The absorption of pharmaceutical products by aquatic plants has been well reported (Malakootian et al. 2015; Gomes et al. 2017) and has motivated investigations for using plants as potential green technologies that could purify aquatic environments. Generally, in natural aquatic environments, antibiotic concentrations are relatively low. The floating macrophyte E. crassipes can take up antibiotics from contaminated waters for a relatively longer period of time.
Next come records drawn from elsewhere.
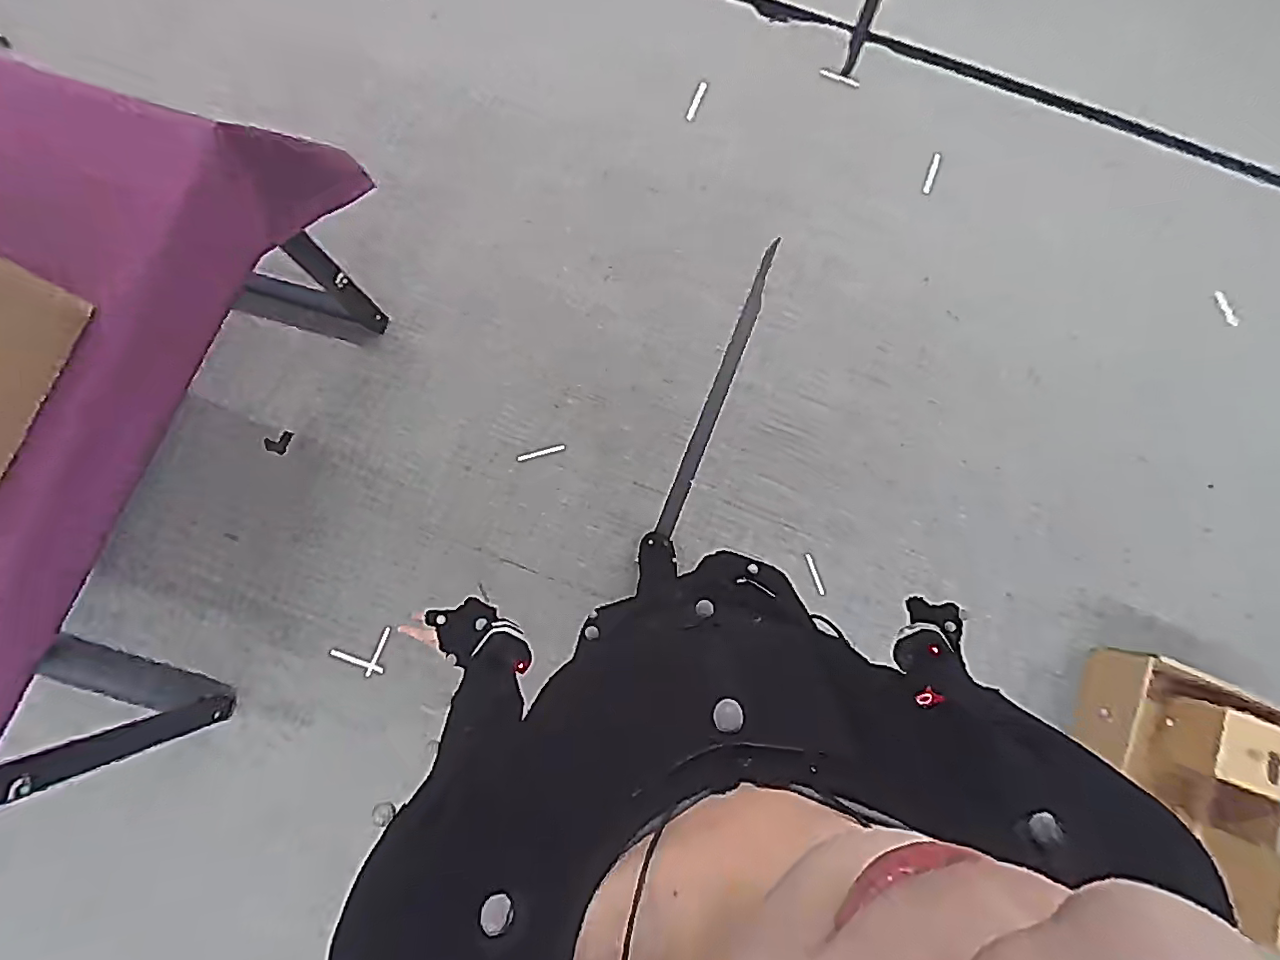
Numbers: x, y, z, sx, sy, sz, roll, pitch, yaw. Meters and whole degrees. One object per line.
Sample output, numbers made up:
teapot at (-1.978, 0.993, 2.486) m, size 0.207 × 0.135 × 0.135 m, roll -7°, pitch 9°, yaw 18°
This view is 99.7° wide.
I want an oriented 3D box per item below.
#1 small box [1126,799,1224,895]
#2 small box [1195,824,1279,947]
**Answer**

However, under high antibiotic concentrations, e.g., wastewater treatment plants effluents, hospital sewage water, or pharmaceutical manufactures effluents, the growth of E. crassipes and the antibiotic absorption are time-limited; thus, further management of harvest is necessary for the restoration of antibiotic-contaminated waters.

Conclusions

Antibiotic CIP–contaminated water did not affect the growth and survival of E. crassipes at the initial stage, as evidenced with the monitoring of chlorophyll content, chlorophyll fluorescence parameter, and antioxidative enzymes. However, there were morphological changes being observed during tender leaves gradually turned white after long exposure to CIP, caused by the decrease of photosynthetic pigments and antioxidative enzyme activities. In addition, CIP was absorbed with E. crassipes in a dose-response scenario. The initial elevated external concentrations stimulated the antibiotic absorption by E. crassipes. The roots, instead of leaves, were found to be the main CIP absorber. The time-scale regulation of E. crassipes must therefore needs be considered for the phytoremediation of antibiotic-polluted waters.